(Beginning of DATA PROVIDED)
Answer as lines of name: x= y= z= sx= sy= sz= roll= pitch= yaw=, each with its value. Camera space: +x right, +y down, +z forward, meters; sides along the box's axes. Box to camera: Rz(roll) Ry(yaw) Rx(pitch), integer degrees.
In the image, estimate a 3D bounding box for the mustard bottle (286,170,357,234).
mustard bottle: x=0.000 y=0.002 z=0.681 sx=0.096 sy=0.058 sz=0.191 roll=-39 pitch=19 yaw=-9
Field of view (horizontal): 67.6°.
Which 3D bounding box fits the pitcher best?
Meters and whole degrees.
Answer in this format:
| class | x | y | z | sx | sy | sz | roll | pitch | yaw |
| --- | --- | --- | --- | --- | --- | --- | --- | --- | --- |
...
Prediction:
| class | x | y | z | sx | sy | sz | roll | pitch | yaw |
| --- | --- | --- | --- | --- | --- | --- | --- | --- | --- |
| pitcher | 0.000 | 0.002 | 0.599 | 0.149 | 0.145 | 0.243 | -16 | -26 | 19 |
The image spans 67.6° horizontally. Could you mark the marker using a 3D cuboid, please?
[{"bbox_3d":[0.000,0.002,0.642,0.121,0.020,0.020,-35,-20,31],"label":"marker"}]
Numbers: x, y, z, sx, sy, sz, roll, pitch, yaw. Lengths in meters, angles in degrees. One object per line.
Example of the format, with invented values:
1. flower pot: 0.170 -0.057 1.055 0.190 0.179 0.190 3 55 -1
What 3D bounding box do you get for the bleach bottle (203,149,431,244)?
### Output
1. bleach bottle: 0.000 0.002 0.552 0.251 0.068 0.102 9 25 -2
(End of DATA PROVIDED)
(Beginning of DATA PROVIDED)
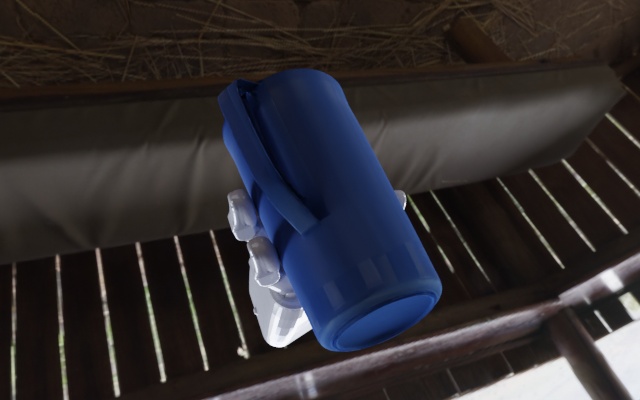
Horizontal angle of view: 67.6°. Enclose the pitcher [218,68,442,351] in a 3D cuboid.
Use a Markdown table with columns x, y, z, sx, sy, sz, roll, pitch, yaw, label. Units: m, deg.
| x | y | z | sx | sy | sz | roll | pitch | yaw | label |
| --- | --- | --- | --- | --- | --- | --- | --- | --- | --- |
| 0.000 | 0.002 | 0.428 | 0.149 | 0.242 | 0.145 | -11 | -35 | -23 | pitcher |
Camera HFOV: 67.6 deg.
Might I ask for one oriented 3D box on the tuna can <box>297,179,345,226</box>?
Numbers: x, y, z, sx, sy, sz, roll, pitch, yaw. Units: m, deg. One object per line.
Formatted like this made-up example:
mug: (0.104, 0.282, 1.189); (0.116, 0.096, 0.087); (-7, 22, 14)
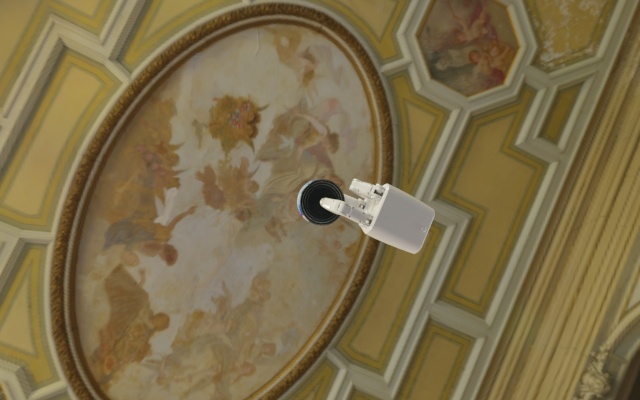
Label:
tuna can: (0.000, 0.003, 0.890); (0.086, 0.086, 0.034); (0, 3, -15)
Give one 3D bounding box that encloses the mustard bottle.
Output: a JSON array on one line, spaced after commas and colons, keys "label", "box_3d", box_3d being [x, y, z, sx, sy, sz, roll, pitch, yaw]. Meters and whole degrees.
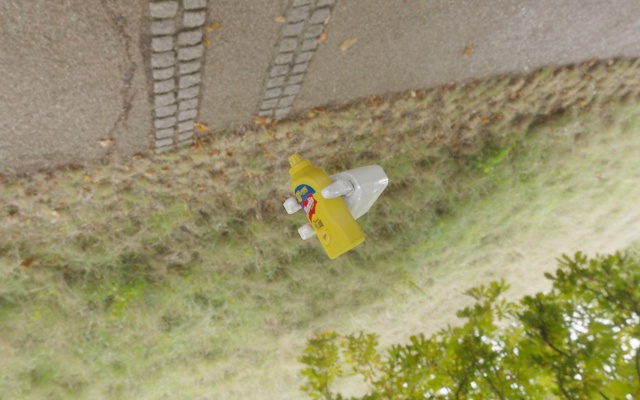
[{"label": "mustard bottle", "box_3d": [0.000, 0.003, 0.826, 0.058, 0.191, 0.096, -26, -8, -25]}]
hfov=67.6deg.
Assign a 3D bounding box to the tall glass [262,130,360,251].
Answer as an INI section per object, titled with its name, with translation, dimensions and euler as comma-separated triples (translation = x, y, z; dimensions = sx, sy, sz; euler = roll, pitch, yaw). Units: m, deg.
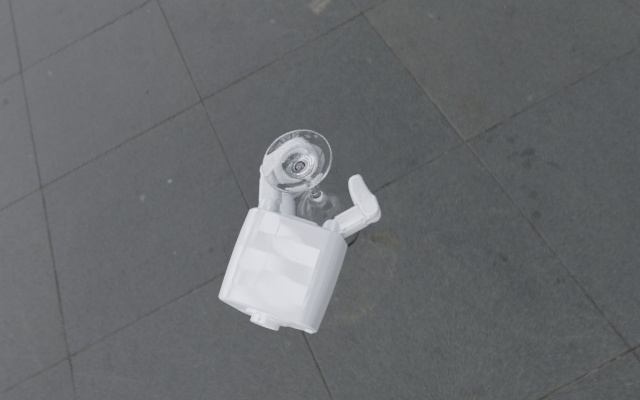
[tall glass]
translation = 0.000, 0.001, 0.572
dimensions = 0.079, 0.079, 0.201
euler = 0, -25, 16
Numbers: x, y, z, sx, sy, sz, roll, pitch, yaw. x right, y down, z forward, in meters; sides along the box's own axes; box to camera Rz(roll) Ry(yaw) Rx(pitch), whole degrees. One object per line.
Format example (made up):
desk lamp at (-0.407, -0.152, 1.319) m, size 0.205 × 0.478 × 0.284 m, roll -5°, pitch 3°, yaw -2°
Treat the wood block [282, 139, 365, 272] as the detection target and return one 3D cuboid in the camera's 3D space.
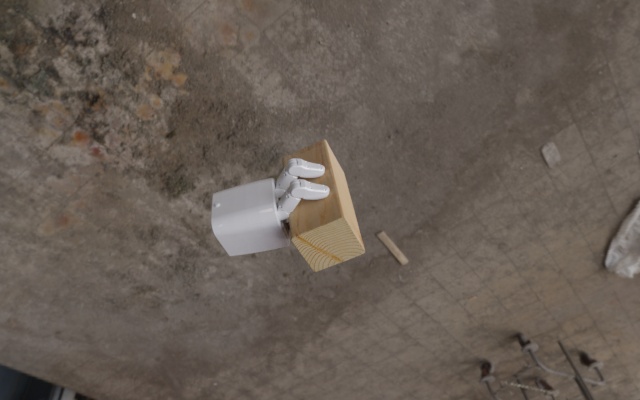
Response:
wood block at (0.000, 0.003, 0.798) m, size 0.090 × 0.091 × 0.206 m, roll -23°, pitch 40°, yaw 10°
(End of DATA PROVIDED)
Find "axes" in the preceding records. Copy each line that holds it.

Answer as lines of name: x= y= z= sx= sy= sz= roll= pitch= yaw=, each with its value. Camera space: +x right, +y down, +z forward, meters; sides along the box's axes. Box to camera: Rz(roll) Ry(yaw) Rx(pitch), integer degrees.
Numbers: x, y, z, sx, sy, sz, roll, pitch, yaw. x right, y down, z forward, in meters; sides along the box's own axes; box to camera Rz(roll) Ry(yaw) Rx(pitch), whole degrees. One object per line.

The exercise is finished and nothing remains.